Wu, N., F. Meng, T. Zhou, Y. Han, L. Kennedy, J. Venter, H. Francis, S. DeMorrow, P. Onori, P. Invernizzi, F. Bernuzzi, R. Mancinelli, E. Gaudio, A. Franchitto, S. Glaser and G. Alpini (2017). “Prolonged darkness reduces liver fibrosis in a mouse model of primary sclerosing cholangitis by mir-200b down-regulation.” Faseb j: 2017 Jun [Epub ahead of print].

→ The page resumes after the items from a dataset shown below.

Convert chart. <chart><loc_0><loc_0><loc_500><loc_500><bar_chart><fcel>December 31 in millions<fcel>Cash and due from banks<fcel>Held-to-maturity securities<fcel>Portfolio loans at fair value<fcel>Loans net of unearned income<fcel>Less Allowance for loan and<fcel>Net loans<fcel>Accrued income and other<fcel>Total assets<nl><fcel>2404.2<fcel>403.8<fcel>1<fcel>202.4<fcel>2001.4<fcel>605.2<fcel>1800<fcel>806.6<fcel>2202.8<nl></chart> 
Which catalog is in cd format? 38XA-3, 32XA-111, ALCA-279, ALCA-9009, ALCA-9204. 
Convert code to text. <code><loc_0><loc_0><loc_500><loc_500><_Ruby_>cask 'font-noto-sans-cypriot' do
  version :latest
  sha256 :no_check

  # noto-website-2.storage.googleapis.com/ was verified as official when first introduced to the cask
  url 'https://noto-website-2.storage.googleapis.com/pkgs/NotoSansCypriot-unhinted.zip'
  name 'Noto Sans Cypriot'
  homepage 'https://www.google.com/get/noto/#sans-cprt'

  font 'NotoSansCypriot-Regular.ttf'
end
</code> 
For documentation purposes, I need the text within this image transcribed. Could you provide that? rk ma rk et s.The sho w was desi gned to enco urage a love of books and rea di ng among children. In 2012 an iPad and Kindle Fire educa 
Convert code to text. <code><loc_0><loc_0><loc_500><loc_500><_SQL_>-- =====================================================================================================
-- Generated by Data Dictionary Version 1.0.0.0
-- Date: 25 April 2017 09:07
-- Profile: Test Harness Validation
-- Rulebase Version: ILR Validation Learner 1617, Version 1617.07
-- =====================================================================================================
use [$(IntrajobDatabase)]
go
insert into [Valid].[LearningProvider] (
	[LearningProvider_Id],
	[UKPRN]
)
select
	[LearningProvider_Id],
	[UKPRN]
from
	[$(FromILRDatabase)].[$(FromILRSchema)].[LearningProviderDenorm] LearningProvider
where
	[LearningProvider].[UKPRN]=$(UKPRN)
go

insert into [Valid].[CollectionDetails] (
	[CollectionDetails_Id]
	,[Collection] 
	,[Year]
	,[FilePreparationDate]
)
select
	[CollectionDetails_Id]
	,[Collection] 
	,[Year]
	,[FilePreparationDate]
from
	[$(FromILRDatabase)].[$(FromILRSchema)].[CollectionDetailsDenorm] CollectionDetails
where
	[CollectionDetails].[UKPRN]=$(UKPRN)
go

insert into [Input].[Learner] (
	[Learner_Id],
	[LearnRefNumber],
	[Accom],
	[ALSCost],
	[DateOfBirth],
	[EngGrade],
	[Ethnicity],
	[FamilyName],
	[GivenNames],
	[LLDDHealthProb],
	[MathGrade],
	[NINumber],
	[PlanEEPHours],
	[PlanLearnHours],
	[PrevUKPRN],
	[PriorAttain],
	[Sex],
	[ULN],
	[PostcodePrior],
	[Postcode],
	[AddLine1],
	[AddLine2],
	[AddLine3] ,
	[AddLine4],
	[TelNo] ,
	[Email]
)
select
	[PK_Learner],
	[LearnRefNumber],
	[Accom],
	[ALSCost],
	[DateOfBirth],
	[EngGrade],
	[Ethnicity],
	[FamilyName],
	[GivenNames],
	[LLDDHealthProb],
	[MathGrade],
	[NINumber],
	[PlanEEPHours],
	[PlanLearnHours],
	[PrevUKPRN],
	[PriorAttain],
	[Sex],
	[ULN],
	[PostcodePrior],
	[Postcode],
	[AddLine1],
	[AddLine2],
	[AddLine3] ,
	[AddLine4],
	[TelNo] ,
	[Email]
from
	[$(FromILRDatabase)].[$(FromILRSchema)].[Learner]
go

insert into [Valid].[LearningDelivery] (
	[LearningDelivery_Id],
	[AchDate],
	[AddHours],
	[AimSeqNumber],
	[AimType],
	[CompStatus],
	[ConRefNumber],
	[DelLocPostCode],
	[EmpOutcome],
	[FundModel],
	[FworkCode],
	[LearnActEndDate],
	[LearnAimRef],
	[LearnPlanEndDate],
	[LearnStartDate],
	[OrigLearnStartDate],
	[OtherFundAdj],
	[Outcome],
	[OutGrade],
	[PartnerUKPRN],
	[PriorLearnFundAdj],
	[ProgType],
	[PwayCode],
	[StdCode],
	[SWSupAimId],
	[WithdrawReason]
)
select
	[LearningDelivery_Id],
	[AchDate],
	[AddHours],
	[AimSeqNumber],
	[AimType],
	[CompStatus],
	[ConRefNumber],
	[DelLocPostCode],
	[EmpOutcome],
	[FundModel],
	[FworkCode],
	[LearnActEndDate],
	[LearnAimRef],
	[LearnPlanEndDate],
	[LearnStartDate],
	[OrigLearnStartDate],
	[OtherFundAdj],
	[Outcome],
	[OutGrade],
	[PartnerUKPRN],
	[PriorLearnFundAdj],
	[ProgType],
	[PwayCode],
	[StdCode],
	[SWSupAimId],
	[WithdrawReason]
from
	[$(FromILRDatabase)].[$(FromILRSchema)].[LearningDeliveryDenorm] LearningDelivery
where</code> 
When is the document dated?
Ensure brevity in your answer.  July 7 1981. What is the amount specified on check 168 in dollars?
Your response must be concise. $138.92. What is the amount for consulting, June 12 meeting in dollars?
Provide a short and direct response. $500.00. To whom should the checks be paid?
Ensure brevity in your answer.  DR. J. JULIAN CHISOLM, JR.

Full text of this article.

Melatonin therapy or prolonged exposure to complete darkness reduces biliary hyperplasia and liver fibrosis in bile-duct-ligated (BDL) rats; however, no information exists in primary sclerosing cholangitis (PSC). Thus, we aimed to determine the therapeutic effects of prolonged dark therapy or melatonin administration on hepatic fibrosis in the Mdr2-/- mouse model of PSC. Melatonin levels, biliary mass, liver fibrosis, angiogenesis and miR-200b expression were evaluated in wild-type and Mdr2-/- mice exposed to darkness or melatonin treatment or in male PSC patient samples and healthy controls. Mdr2-/- mice were also treated with miR-200b inhibitor or control before evaluating biliary mass, liver fibrosis, and angiogenesis. After overexpression of arylalkylamine N-acetyltransferase (AANAT; the enzyme regulating melatonin synthesis) or inhibition of miR-200b in cholangiocytes and hepatic stellate cells in vitro, we evaluated angiogenesis and fibrosis gene expression. After exposure to darkness or administration of melatonin, Mdr2-/- mice show elevated serum melatonin levels and inhibition of biliary mass, along with reduction of liver fibrosis and angiogenesis. miRNA PCR analysis demonstrated that miR-200b expression increased in Mdr2-/- mice and PSC patient samples compared with controls and decreased in Mdr2-/- mice subjected to dark exposure or melatonin treatment. Inhibition of miR-200b in Mdr2-/- ablates biliary proliferation, liver fibrosis, and angiogenesis. In vitro, overexpression of AANAT or inhibition of miR-200b in cholangiocytes and hepatic stellate cells decreased the expression of miR-200b, angiogenesis, and fibrosis genes. Dark therapy or targeting melatonin/miR-200b axis may be important in the management of biliary damage and liver fibrosis in cholangiopathies including PSC.-Wu, N., Meng, F., Zhou, T., Han, Y., Kennedy, L., Venter, J., Francis, H., DeMorrow, S., Onori, P., Invernizzi, P., Bernuzzi, F., Mancinelli, R., Gaudio, E., Franchitto, A., Glaser, S., Alpini G. Prolonged darkness reduces liver fibrosis in a mouse model of primary sclerosing cholangitis by miR-200b down-regulation.